| Task brief |
Write out the records in full, exactly as given, but without the images.

Data listing: Begin

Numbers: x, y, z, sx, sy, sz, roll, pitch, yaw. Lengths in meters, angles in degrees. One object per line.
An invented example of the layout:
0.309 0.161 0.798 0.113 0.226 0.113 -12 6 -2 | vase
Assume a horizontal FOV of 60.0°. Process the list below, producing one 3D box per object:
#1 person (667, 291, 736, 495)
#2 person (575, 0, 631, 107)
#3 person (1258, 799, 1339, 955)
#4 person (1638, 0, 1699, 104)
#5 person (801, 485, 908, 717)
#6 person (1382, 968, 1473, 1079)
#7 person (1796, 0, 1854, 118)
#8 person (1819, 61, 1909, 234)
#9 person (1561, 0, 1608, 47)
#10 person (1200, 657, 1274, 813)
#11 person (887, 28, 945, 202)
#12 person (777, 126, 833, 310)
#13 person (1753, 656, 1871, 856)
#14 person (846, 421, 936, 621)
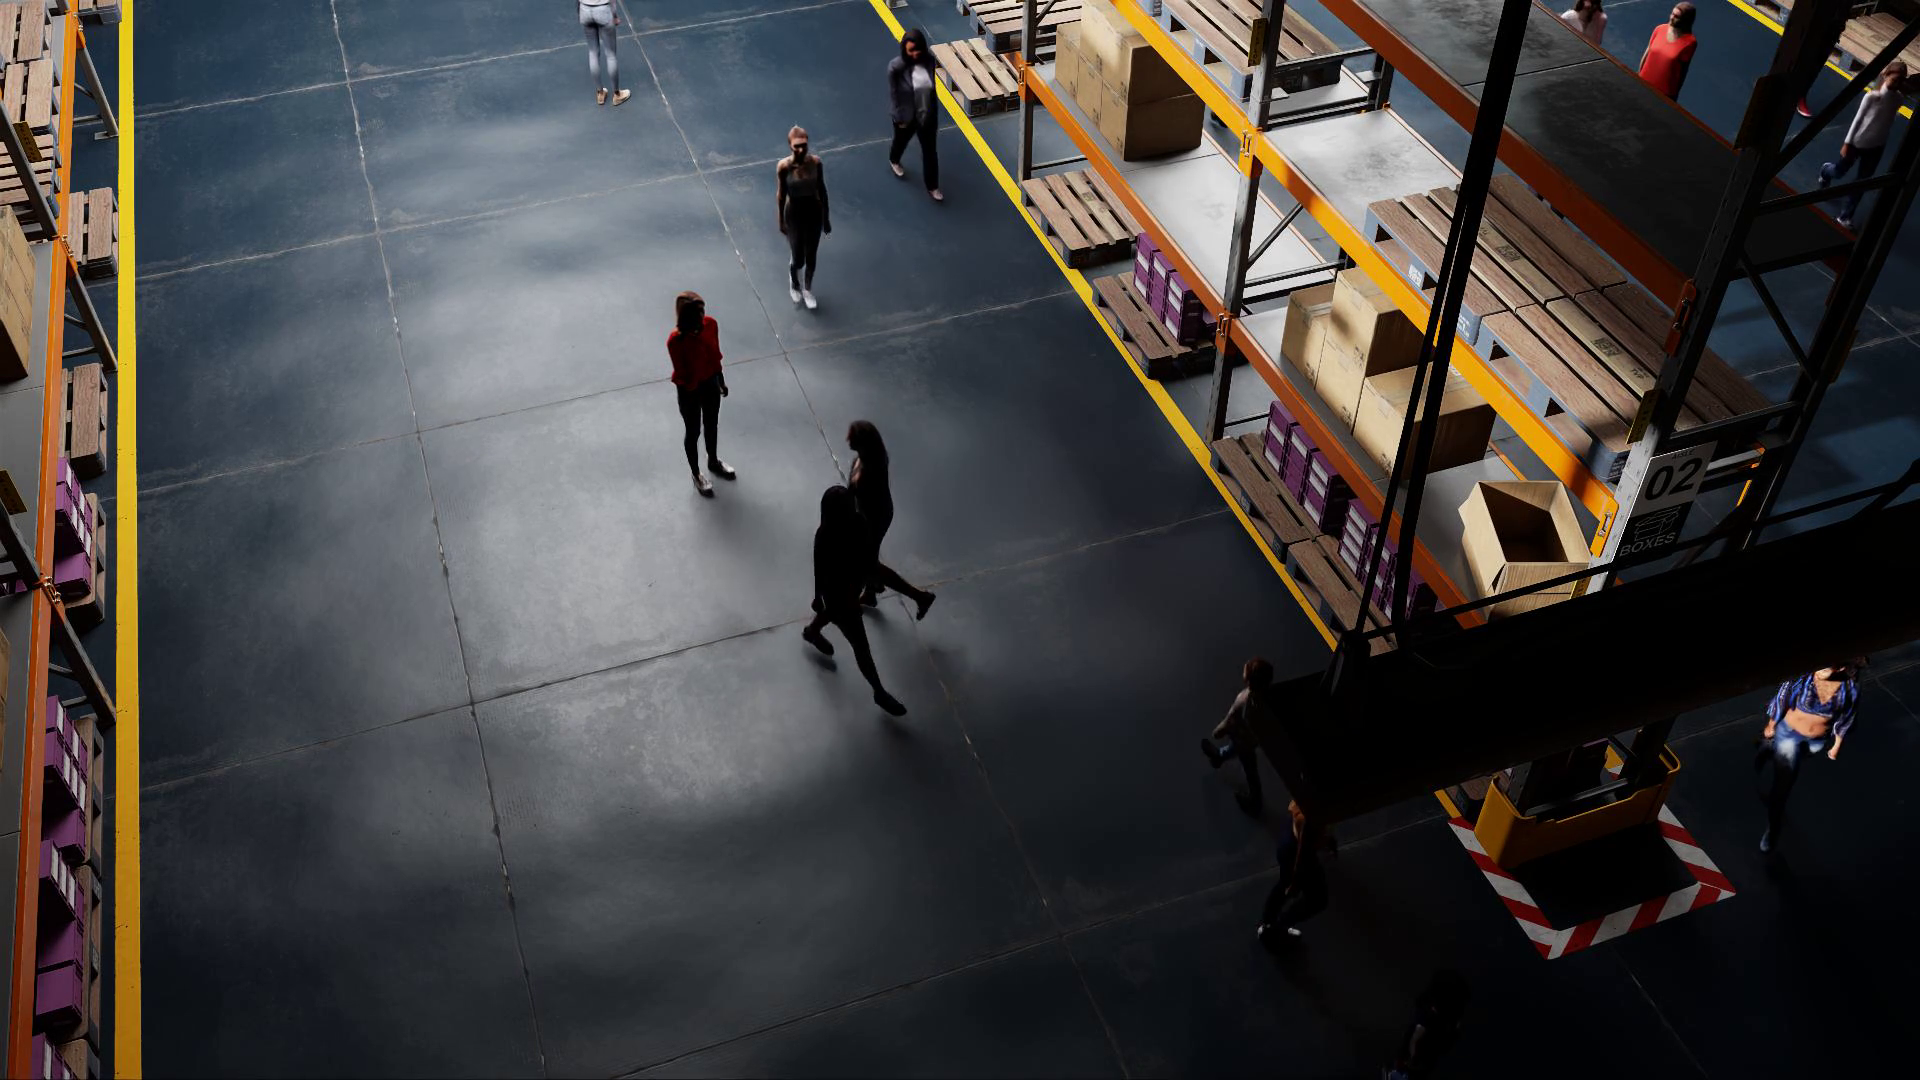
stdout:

Data listing: End

| Finished task |
Numbers: x, y, z, sx, sy, sz, roll, pitch, yaw. Lengths in meters, angles in degrees. One object per line.
An invented example of the layout:
0.309 0.161 0.798 0.113 0.226 0.113 -12 6 -2 | vase
Assume a horizontal FOV of 60.0°. Process the list below, producing one 3D box per object:
#1 person (667, 291, 736, 495)
#2 person (575, 0, 631, 107)
#3 person (1258, 799, 1339, 955)
#4 person (1638, 0, 1699, 104)
#5 person (801, 485, 908, 717)
#6 person (1382, 968, 1473, 1079)
#7 person (1796, 0, 1854, 118)
#8 person (1819, 61, 1909, 234)
#9 person (1561, 0, 1608, 47)
#10 person (1200, 657, 1274, 813)
#11 person (887, 28, 945, 202)
#12 person (777, 126, 833, 310)
#13 person (1753, 656, 1871, 856)
#14 person (846, 421, 936, 621)
stdout:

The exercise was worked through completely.